Aleksey,
Thank you for thorough reply. I like and support your suggestion about
commenting the changes. Let me address the most mysterious thing I
still don't understand: adding a fast path for zeroes in the shift
function.
If this optimization helps increasing performance, some code sends
zeroes to the shift function more frequently than other numbers. Do
you know where your shift is called with zeroes as a typical argument?
What if we place the check in the specific caller instead of the
shift?
Thanks!
On Thu, May 22, 2008 at 4:07 PM, Aleksey Shipilev
<aleksey.shipilev@gmail.com> wrote:
> Hi, Alexei!
>
> Thanks for the review! Here is some light on your questions:
>
> On Thu, May 22, 2008 at 11:27 AM, Alexei Fedotov
> <alexei.fedotov@gmail.com> wrote:
>> 1. I have noticed that you have replaced shiftLeft(1) with
>> shiftLeftOneBit() in the following checks which appear . Is it
>> performance critical part or just cleaning?
> This is performancewise change. "sign == 0" guarantees that shifting
> is not needed.
>
>> // Checking if: remainder * 2 >= scaledDivisor
>> remainder.abs().shiftLeftOneBit().compareTo(scaledDivisor.abs())
>>
>> If this is critical, then can one imagine a way of checking that a
>> number is twice bigger than another number without copying and
>> shifting the number? For cases when one number has more binary digits
>> than another this should be easy.
> IMO, this way is also fast, though we can think up about something
> with peak efficiency. I see we will need structural changes to
> accommodate another design which would allow us to use other checking
> schemes.
>
>> 2. What is the meaning of 2 in the new function name unsignedMultAdd2?
>> Why not unsignedMultAdd4?
> That mean "unsigned multiplication and addition of 2 arguments", hence
> the "2" in signature. We can change it to another if this is
> confusing.
>
>> 2a. What is the purpose of the following fix? How a function call
>> (even for a magic function), could be quicker than multiplication
>> inlined by JIT? Does it mean our JIT poorly inlines multiplication?
>>  long res = (aDigits[0] & 0xFFFFFFFFL) * (factor);
>> + long res = unsignedMultAdd2(aDigits[0], factor, 0, 0);
> Well, the original purpose of this was code cleanup (see how original
> version look like, bloated with 0xF...F constants), so we came up with
> idea of extracting unsigned operations of (a*b), (a*b + c), (a*b + c +
> d) as general method. Then you can imagine two situations:
> 1. JIT compiler inlines the method and eliminated unneeded additions.
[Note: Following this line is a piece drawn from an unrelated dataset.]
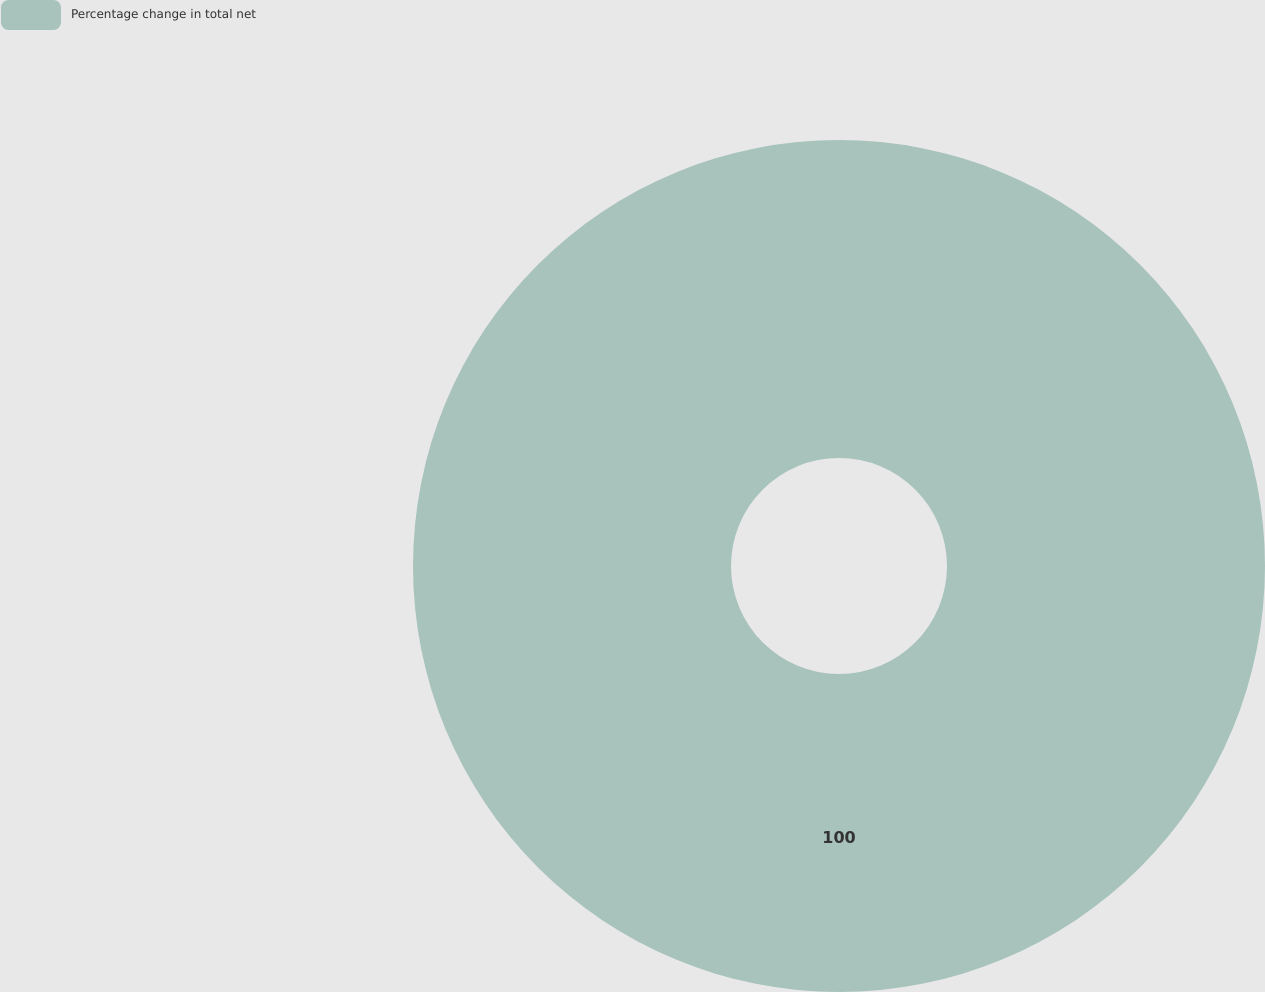Convert chart to OTSL. <chart><loc_0><loc_0><loc_500><loc_500><pie_chart><fcel>Percentage change in total net<nl><fcel>100.0%<nl></chart>

> 2. JIT compiler generates the magic for this method and substituting
> it with optimal native code (HARMONY5826).
>
> *sigh* I guess I need to write the javadoc for this method.
>
>> 3. You added a check against shifting zero values. Does adding this
>> check on a common path add to performance? If zeroes come to shift
>> function often enough to give a benefit, which caller spams so much
>> zeroes? Does it worth to patch the caller instead?
> Nope, the benefit of 0path there is much more than penalty on non0path.
>
>> 4. I have an abstract concern with no idea how to address it. An
>> integer array in memory is very similar to a long array (if endings
>> are correct). Is there any way to use 64bit operations for speed up?
> We thought about such the thing. This would require severe changes to
> fit into existing code. More details would be later :)
>
> Thanks,
> Aleksey.
>

With best regards,
Alexei